**Exercise objective:**
Your task is to copy each line of the listing that contains the word "instrument".

-*-*-

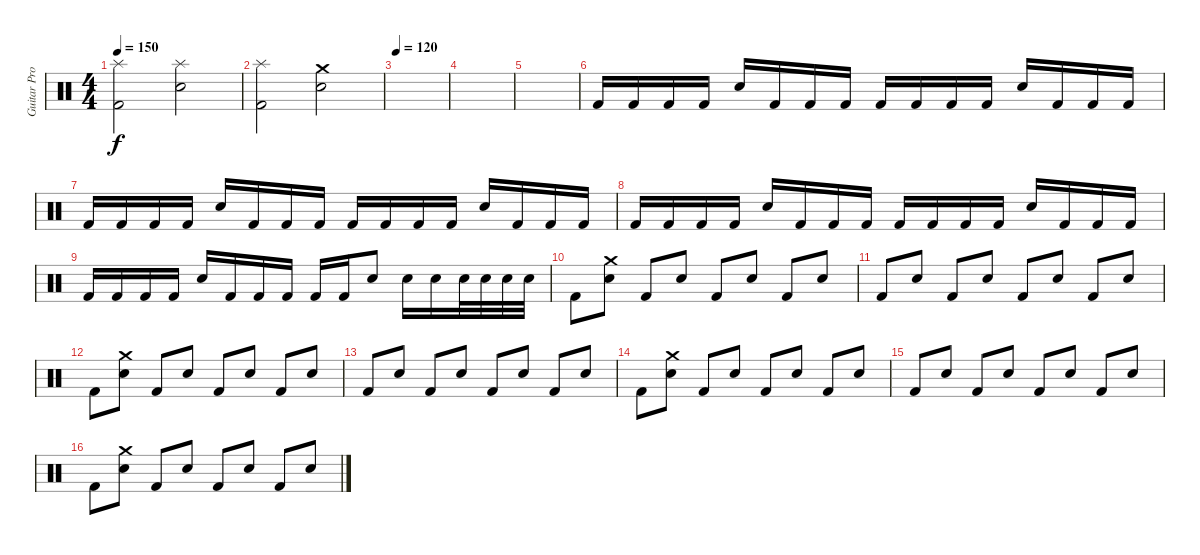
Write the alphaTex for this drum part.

\track ("Guitar Pro" "Guitar Pro") {instrument percussion}
\staff {score}
\articulation defaults
\ts (4 4)
\tempo 150
\clef neutral
\ks c
("Kick (hit) 2" "Splash (hit)").2{dy f} ("Snare (hit) 2" "Splash (hit)").2 |
("Kick (hit) 2" "Splash (hit)").2 ("Snare (hit) 2" "Crash medium (hit)").2 |
\tempo 120
|
|
|
"Kick (hit) 2".16 "Kick (hit) 2".16 "Kick (hit) 2".16 "Kick (hit) 2".16 "Snare (hit) 2".16 "Kick (hit) 2".16 "Kick (hit) 2".16 "Kick (hit) 2".16 "Kick (hit) 2".16 "Kick (hit) 2".16 "Kick (hit) 2".16 "Kick (hit) 2".16 "Snare (hit) 2".16 "Kick (hit) 2".16 "Kick (hit) 2".16 "Kick (hit) 2".16 |
"Kick (hit) 2".16 "Kick (hit) 2".16 "Kick (hit) 2".16 "Kick (hit) 2".16 "Snare (hit) 2".16 "Kick (hit) 2".16 "Kick (hit) 2".16 "Kick (hit) 2".16 "Kick (hit) 2".16 "Kick (hit) 2".16 "Kick (hit) 2".16 "Kick (hit) 2".16 "Snare (hit) 2".16 "Kick (hit) 2".16 "Kick (hit) 2".16 "Kick (hit) 2".16 |
"Kick (hit) 2".16 "Kick (hit) 2".16 "Kick (hit) 2".16 "Kick (hit) 2".16 "Snare (hit) 2".16 "Kick (hit) 2".16 "Kick (hit) 2".16 "Kick (hit) 2".16 "Kick (hit) 2".16 "Kick (hit) 2".16 "Kick (hit) 2".16 "Kick (hit) 2".16 "Snare (hit) 2".16 "Kick (hit) 2".16 "Kick (hit) 2".16 "Kick (hit) 2".16 |
"Kick (hit) 2".16 "Kick (hit) 2".16 "Kick (hit) 2".16 "Kick (hit) 2".16 "Snare (hit) 2".16 "Kick (hit) 2".16 "Kick (hit) 2".16 "Kick (hit) 2".16 "Kick (hit) 2".16 "Kick (hit) 2".16 "Snare (hit) 2".8 "Snare (hit) 2".16 "Snare (hit) 2".16 "Snare (hit) 2".32 "Snare (hit) 2".32 "Snare (hit) 2".32 "Snare (hit) 2".32 |
"Kick (hit) 2".8 ("Snare (hit) 2" "Crash medium (hit)").8 "Kick (hit) 2".8 "Snare (hit) 2".8 "Kick (hit) 2".8 "Snare (hit) 2".8 "Kick (hit) 2".8 "Snare (hit) 2".8 |
"Kick (hit) 2".8 "Snare (hit) 2".8 "Kick (hit) 2".8 "Snare (hit) 2".8 "Kick (hit) 2".8 "Snare (hit) 2".8 "Kick (hit) 2".8 "Snare (hit) 2".8 |
"Kick (hit) 2".8 ("Snare (hit) 2" "Crash medium (hit)").8 "Kick (hit) 2".8 "Snare (hit) 2".8 "Kick (hit) 2".8 "Snare (hit) 2".8 "Kick (hit) 2".8 "Snare (hit) 2".8 |
"Kick (hit) 2".8 "Snare (hit) 2".8 "Kick (hit) 2".8 "Snare (hit) 2".8 "Kick (hit) 2".8 "Snare (hit) 2".8 "Kick (hit) 2".8 "Snare (hit) 2".8 |
"Kick (hit) 2".8 ("Snare (hit) 2" "Crash medium (hit)").8 "Kick (hit) 2".8 "Snare (hit) 2".8 "Kick (hit) 2".8 "Snare (hit) 2".8 "Kick (hit) 2".8 "Snare (hit) 2".8 |
"Kick (hit) 2".8 "Snare (hit) 2".8 "Kick (hit) 2".8 "Snare (hit) 2".8 "Kick (hit) 2".8 "Snare (hit) 2".8 "Kick (hit) 2".8 "Snare (hit) 2".8 |
"Kick (hit) 2".8 ("Snare (hit) 2" "Crash medium (hit)").8 "Kick (hit) 2".8 "Snare (hit) 2".8 "Kick (hit) 2".8 "Snare (hit) 2".8 "Kick (hit) 2".8 "Snare (hit) 2".8
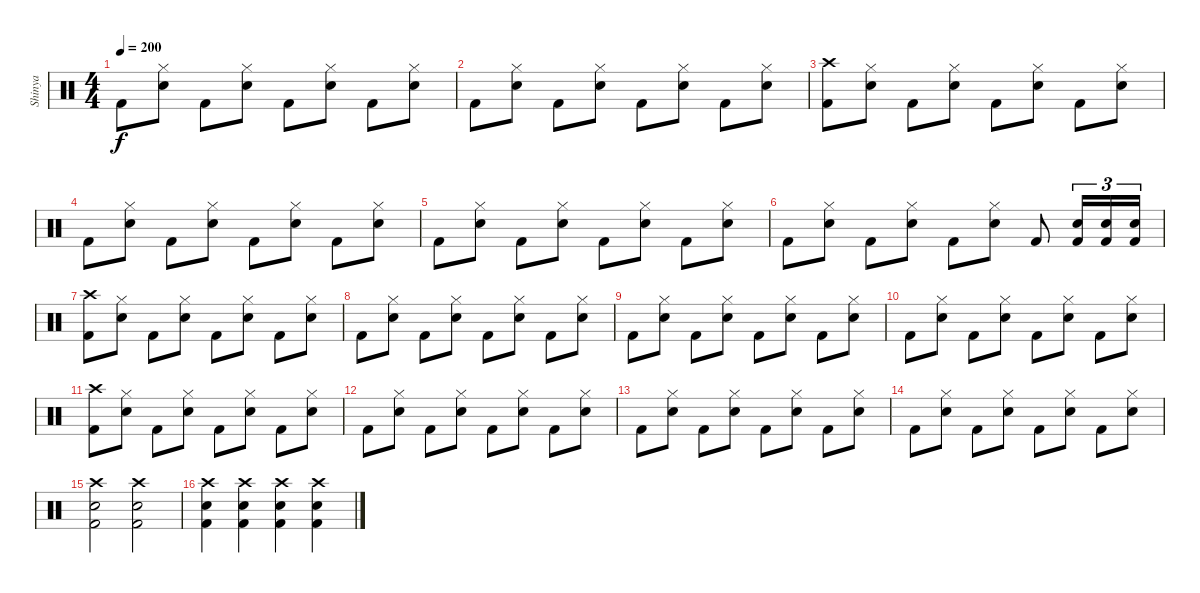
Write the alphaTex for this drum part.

\track ("Shinya" "Shinya") {instrument percussion}
\staff {score}
\articulation defaults
\ts (4 4)
\tempo 200
\clef neutral
\ks c "Kick (hit) 2".8{dy f}
("Hi-Hat (closed)" "Electric Snare (hit)").8 "Kick (hit) 2".8 ("Hi-Hat (closed)" "Electric Snare (hit)").8 "Kick (hit) 2".8 ("Hi-Hat (closed)" "Electric Snare (hit)").8 "Kick (hit) 2".8 ("Hi-Hat (closed)" "Electric Snare (hit)").8 |
"Kick (hit) 2".8 ("Hi-Hat (closed)" "Electric Snare (hit)").8 "Kick (hit) 2".8 ("Hi-Hat (closed)" "Electric Snare (hit)").8 "Kick (hit) 2".8 ("Hi-Hat (closed)" "Electric Snare (hit)").8 "Kick (hit) 2".8 ("Hi-Hat (closed)" "Electric Snare (hit)").8 |
("Crash high (hit)" "Kick (hit) 2").8 ("Hi-Hat (closed)" "Electric Snare (hit)").8 "Kick (hit) 2".8 ("Hi-Hat (closed)" "Electric Snare (hit)").8 "Kick (hit) 2".8 ("Hi-Hat (closed)" "Electric Snare (hit)").8 "Kick (hit) 2".8 ("Hi-Hat (closed)" "Electric Snare (hit)").8 |
"Kick (hit) 2".8 ("Hi-Hat (closed)" "Electric Snare (hit)").8 "Kick (hit) 2".8 ("Hi-Hat (closed)" "Electric Snare (hit)").8 "Kick (hit) 2".8 ("Hi-Hat (closed)" "Electric Snare (hit)").8 "Kick (hit) 2".8 ("Hi-Hat (closed)" "Electric Snare (hit)").8 |
"Kick (hit) 2".8 ("Hi-Hat (closed)" "Electric Snare (hit)").8 "Kick (hit) 2".8 ("Hi-Hat (closed)" "Electric Snare (hit)").8 "Kick (hit) 2".8 ("Hi-Hat (closed)" "Electric Snare (hit)").8 "Kick (hit) 2".8 ("Hi-Hat (closed)" "Electric Snare (hit)").8 |
"Kick (hit) 2".8 ("Hi-Hat (closed)" "Electric Snare (hit)").8 "Kick (hit) 2".8 ("Hi-Hat (closed)" "Electric Snare (hit)").8 "Kick (hit) 2".8 ("Hi-Hat (closed)" "Electric Snare (hit)").8 "Kick (hit) 2".8 ("Electric Snare (hit)" "Kick (hit) 2").16{tu (3 2)} ("Electric Snare (hit)" "Kick (hit) 2").16{tu (3 2)} ("Electric Snare (hit)" "Kick (hit) 2").16{tu (3 2)} |
("Crash high (hit)" "Kick (hit) 2").8 ("Hi-Hat (closed)" "Electric Snare (hit)").8 "Kick (hit) 2".8 ("Hi-Hat (closed)" "Electric Snare (hit)").8 "Kick (hit) 2".8 ("Hi-Hat (closed)" "Electric Snare (hit)").8 "Kick (hit) 2".8 ("Hi-Hat (closed)" "Electric Snare (hit)").8 |
"Kick (hit) 2".8 ("Hi-Hat (closed)" "Electric Snare (hit)").8 "Kick (hit) 2".8 ("Hi-Hat (closed)" "Electric Snare (hit)").8 "Kick (hit) 2".8 ("Hi-Hat (closed)" "Electric Snare (hit)").8 "Kick (hit) 2".8 ("Hi-Hat (closed)" "Electric Snare (hit)").8 |
"Kick (hit) 2".8 ("Hi-Hat (closed)" "Electric Snare (hit)").8 "Kick (hit) 2".8 ("Hi-Hat (closed)" "Electric Snare (hit)").8 "Kick (hit) 2".8 ("Hi-Hat (closed)" "Electric Snare (hit)").8 "Kick (hit) 2".8 ("Hi-Hat (closed)" "Electric Snare (hit)").8 |
"Kick (hit) 2".8 ("Hi-Hat (closed)" "Electric Snare (hit)").8 "Kick (hit) 2".8 ("Hi-Hat (closed)" "Electric Snare (hit)").8 "Kick (hit) 2".8 ("Hi-Hat (closed)" "Electric Snare (hit)").8 "Kick (hit) 2".8 ("Hi-Hat (closed)" "Electric Snare (hit)").8 |
("Crash high (hit)" "Kick (hit) 2").8 ("Hi-Hat (closed)" "Electric Snare (hit)").8 "Kick (hit) 2".8 ("Hi-Hat (closed)" "Electric Snare (hit)").8 "Kick (hit) 2".8 ("Hi-Hat (closed)" "Electric Snare (hit)").8 "Kick (hit) 2".8 ("Hi-Hat (closed)" "Electric Snare (hit)").8 |
"Kick (hit) 2".8 ("Hi-Hat (closed)" "Electric Snare (hit)").8 "Kick (hit) 2".8 ("Hi-Hat (closed)" "Electric Snare (hit)").8 "Kick (hit) 2".8 ("Hi-Hat (closed)" "Electric Snare (hit)").8 "Kick (hit) 2".8 ("Hi-Hat (closed)" "Electric Snare (hit)").8 |
"Kick (hit) 2".8 ("Hi-Hat (closed)" "Electric Snare (hit)").8 "Kick (hit) 2".8 ("Hi-Hat (closed)" "Electric Snare (hit)").8 "Kick (hit) 2".8 ("Hi-Hat (closed)" "Electric Snare (hit)").8 "Kick (hit) 2".8 ("Hi-Hat (closed)" "Electric Snare (hit)").8 |
"Kick (hit) 2".8 ("Hi-Hat (closed)" "Electric Snare (hit)").8 "Kick (hit) 2".8 ("Hi-Hat (closed)" "Electric Snare (hit)").8 "Kick (hit) 2".8 ("Hi-Hat (closed)" "Electric Snare (hit)").8 "Kick (hit) 2".8 ("Hi-Hat (closed)" "Electric Snare (hit)").8 |
("Crash high (hit)" "Electric Snare (hit)" "Kick (hit) 2").2 ("Crash high (hit)" "Electric Snare (hit)" "Kick (hit) 2").2 |
("Crash high (hit)" "Electric Snare (hit)" "Kick (hit) 2").4 ("Crash high (hit)" "Electric Snare (hit)" "Kick (hit) 2").4 ("Crash high (hit)" "Electric Snare (hit)" "Kick (hit) 2").4 ("Crash high (hit)" "Electric Snare (hit)" "Kick (hit) 2").4

-*-*-

**Task solution:**
\track ("Guitar Pro" "Guitar Pro") {instrument percussion}
\track ("Shinya" "Shinya") {instrument percussion}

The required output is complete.